“And the peace of God, which transcends all understanding, will guard your hearts and your minds in Christ Jesus.” Philippians 4:7
Interpreting dreams is certainly biblical. Not all dreams are messages from God. Not all dreams need interpreting. But, in my life, I know that I know God often uses my dreams to talk to me.
I began to realize it in my young adult years. I think it became obvious He used dream time because I stayed so busy and distracted during the day. The only time God had my full attention was through my dreams. Many times, He used the nighttime sleep hours to reveal His will to me or to comfort me. As I’ve aged, He uses my dreams from time to time to help me resolve issues that seem irreparable.
My oldest sister passed away in 2017. She fought cancer twice. I don’t like to say she lost her battle, because the battle belongs to the Lord. She is definitely healed. She is definitely in Heaven. She didn’t lose anything. We, as her family, did – we lost her.
I’ve found it interesting that I hadn’t dreamed about my sister in over two years since her passing. Most of you know I lost my other sister in 2001. I began dreaming about Becky almost immediately. I suspect God knew that I wasn’t ready and couldn’t handle dreaming about Debbie. Until last night.

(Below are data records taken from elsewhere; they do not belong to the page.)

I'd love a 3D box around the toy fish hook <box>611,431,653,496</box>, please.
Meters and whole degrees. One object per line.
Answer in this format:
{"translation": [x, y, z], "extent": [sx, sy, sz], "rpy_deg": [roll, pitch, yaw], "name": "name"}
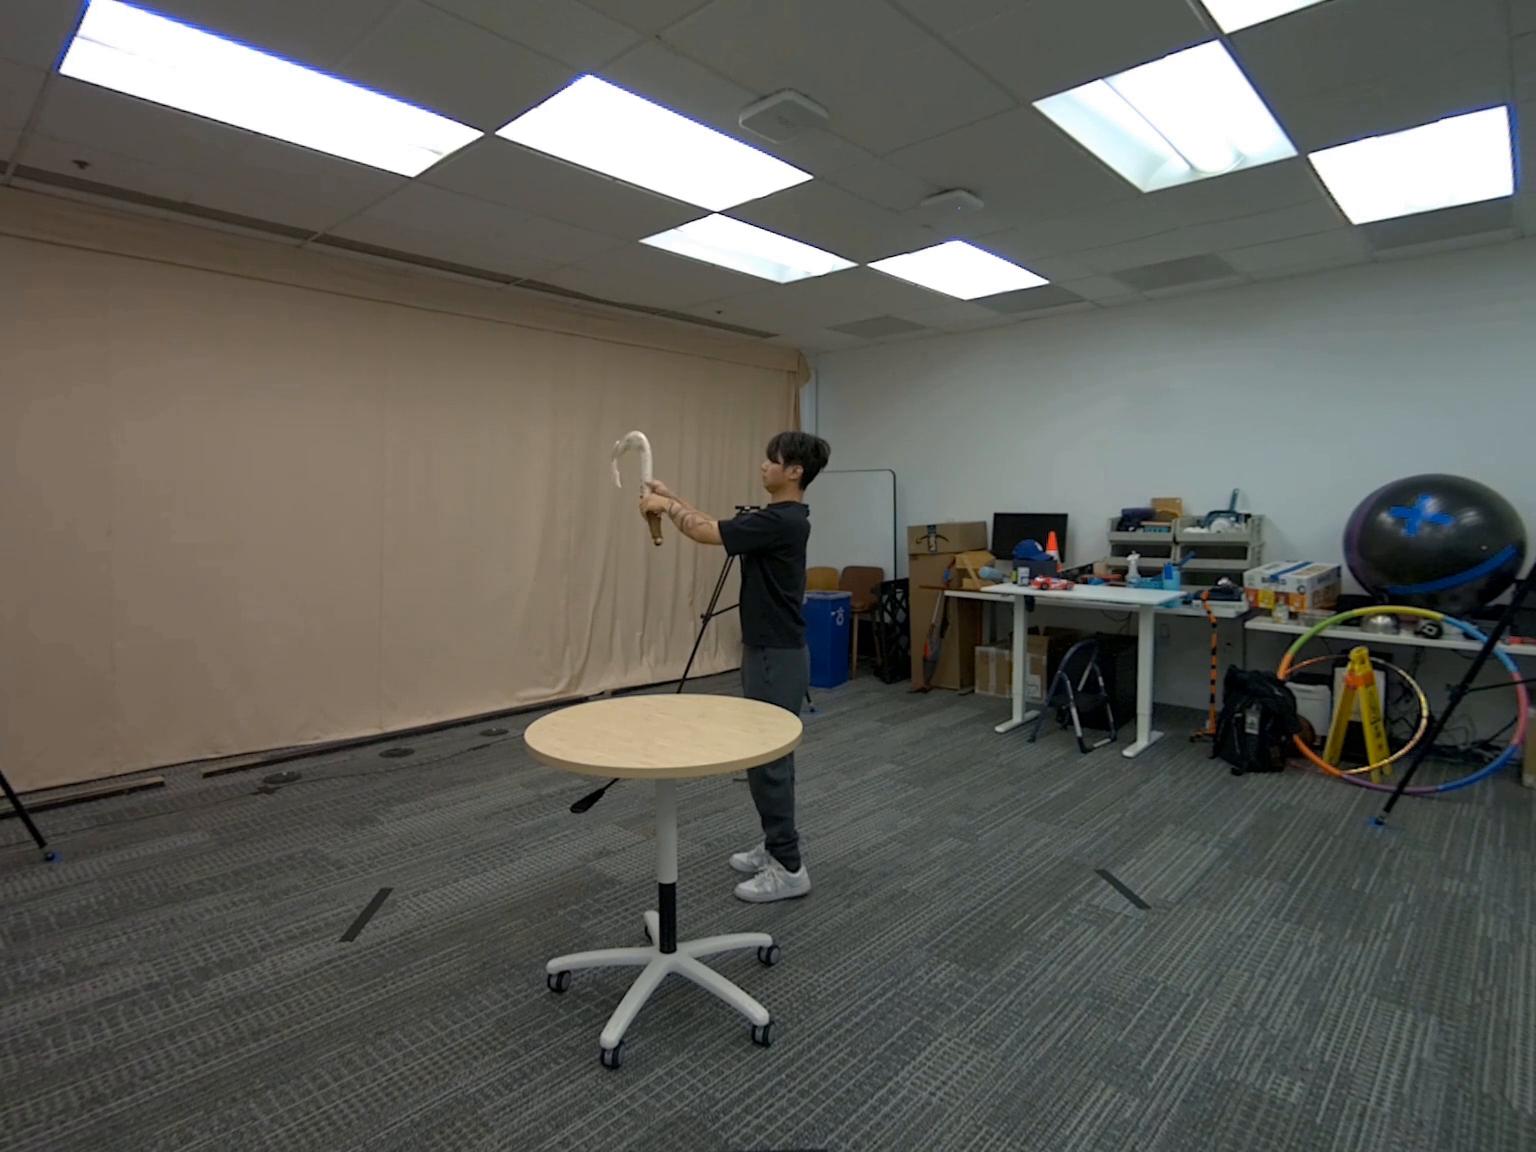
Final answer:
{"translation": [-0.507, -0.334, 3.306], "extent": [0.228, 0.515, 0.047], "rpy_deg": [-31, -25, 37], "name": "toy fish hook"}

Debbie came to me clearly in last night’s dream. Many would think the dream was silly because Debbie came to me with a problem. She had been to dinner at a local restaurant and they overcharged her. Knowing we knew the owners of the restaurant intimately, she came to me to air her grievance. The dream took some twists and turns, but the dream ended with my ability to secure my sister’s refund.
What does this crazy dream have to do with anything? I believe God was trying to tell me that He understood how helpless I felt during Debbie’s final battle. When someone you love is dying, the helplessness is overwhelming. Especially when you’ve already ridden the roller coaster with another close family member.
God knew that I needed comforting. He knew that I felt so useless as Debbie struggled in her final days. God knew that I needed to receive a sense of release. Yes, it was only a dream. But, in that dream I was offered the opportunity to solve her problem. I was able to help relieve her frustration. If it took a dream to bring me relief and remind me of my beautiful Debbie, that’s okay by me.
“Thank You, God, for those moments in dreams where You allow us to do the impossible. Thank You for allowing me to get it right, this time. Even if it was only in a dream. In Christ’s name, Amen.”